The National COVID-19 Church Attendance Project (NCCAP) represents our efforts to try to see the bigger picture. By gathering as many individual church stories as possible, from all over the country, we aim to provide a broad sense of the impact of COVID on the church and what the path to recovery has looked like so far. Through the collaboration of Wheaton College, Exponential, Outreach, and the Wheaton College Billy Graham Center, our initial survey represents the experience of more than 600 churches, over 400,000 weekly worshippers geographically covering 47 states and the District of Colombia.

In our first article, we describe the nature of the project and its goals, and we gave an overview of our findings regarding church attendance patterns over the past year and a half. We reflected on the effects of COVID on church giving and staffing. Our final article of this three-part series will focus on church leadership and priorities at present and looking forward.

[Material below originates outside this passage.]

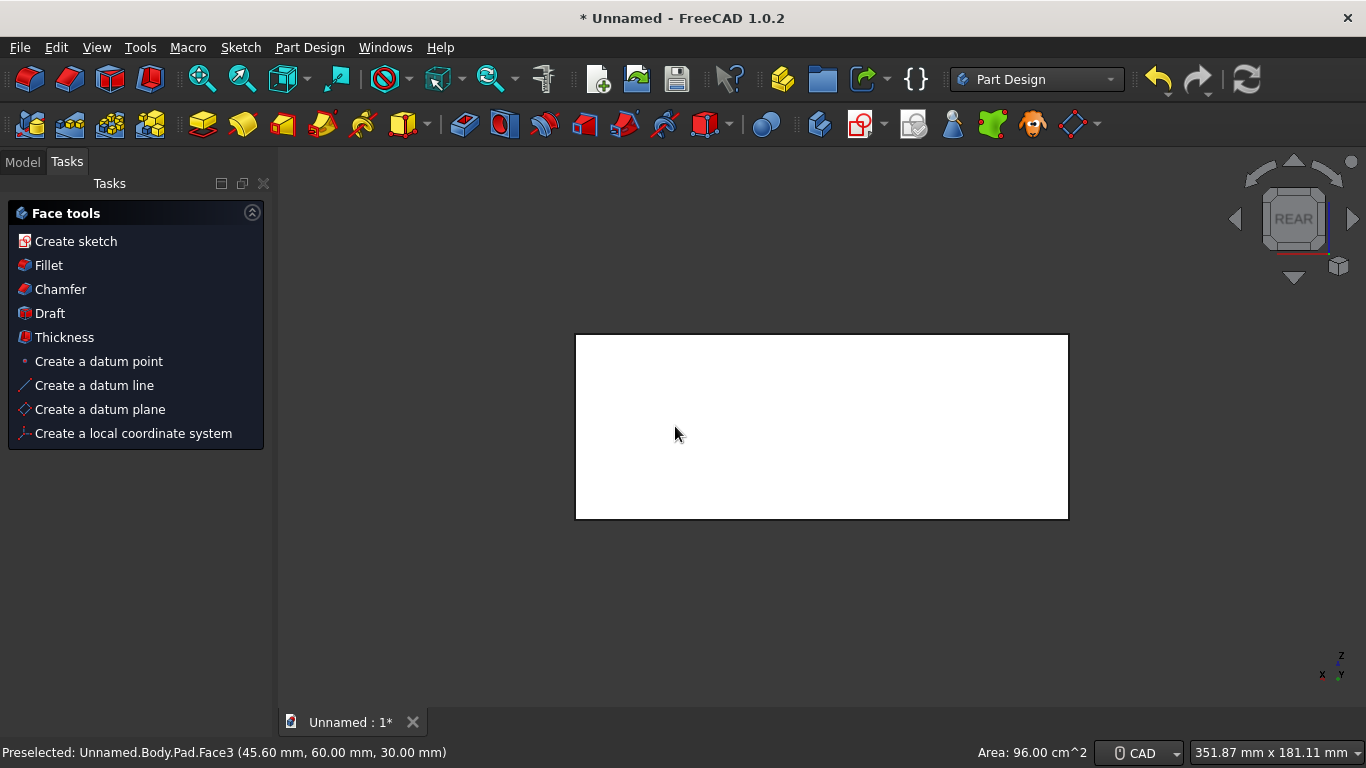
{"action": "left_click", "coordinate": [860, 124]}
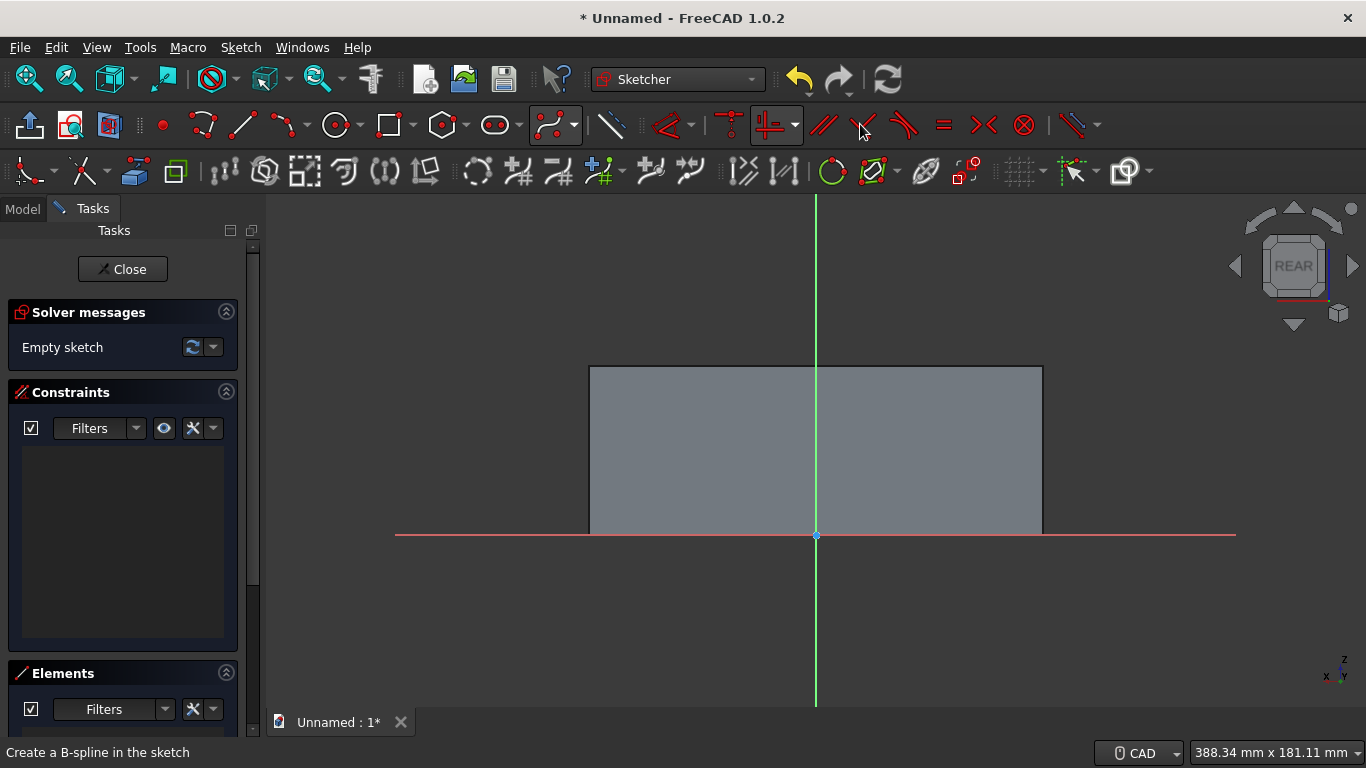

Initial Uncertainty. We all remember the beginnings of the pandemic. At the time, Christianity Today categorized viewpoints as polarized between, “The coronavirus is just another flu” and “We are on the brink of financial collapse”. Perhaps more impactful for church funding specifically was the tremendous uncertainty regarding how long the pandemic would last. It was common to plan events for “after the pandemic”—according to a study by Barna Group many pastors were planning to reopen by the end of April. In fact, the latest reopening date as an option on the survey was August. Just one week later, one percent of respondents selected the new latest option, October. This uncertainty combined with the initial disruption of the pandemic to church services contributed to monetary giving declining in 64 percent of churches by the end of March. Obviously, giving and attendance diminishing was a source of great concern.

Faithful Giving. How long did this widespread decline in giving documented by the Barna survey last? To get a sense of the longer-term impact of the pandemic on giving, we asked churches how much giving they actually received over the course of 2020, along with the amount they had expected to receive when they budgeted for the year before the pandemic hit. Thankfully, realized giving was remarkably close to what was anticipated, despite the initial drop. Based on those churches responding to our survey, the majority (55 percent) of churches experienced giving greater than or equal to what was budgeted prior to knowledge of the pandemic. The year ended with a total realized giving within one percent of what was anticipated.

Consistent Across Churches. The impact on employment throughout the pandemic varied substantially by demographic. For example, employment for low-income workers declined much more severely than for high-income workers. Therefore, due to the uneven impact of the pandemic across groups, we wondered if there might also be large differences across

churches in terms of actual giving compared to anticipated. Surprisingly, this was not true. The following statistic takes a little explaining but imagine lining up all churches from those with the largest shortfall to the smallest. Suppose we then looked at the church at the 10th percentile, i.e., nine out of ten churches would have had stronger giving, and one out of ten churches would have had weaker giving relative to this church. Even the 10th percentile church experienced actual giving only 14 percent below budget. The median church (the church precisely in the middle of the giving experience) experienced realized giving exactly equal to anticipated. The 90th percentile church experienced giving 19.4 percent above budget.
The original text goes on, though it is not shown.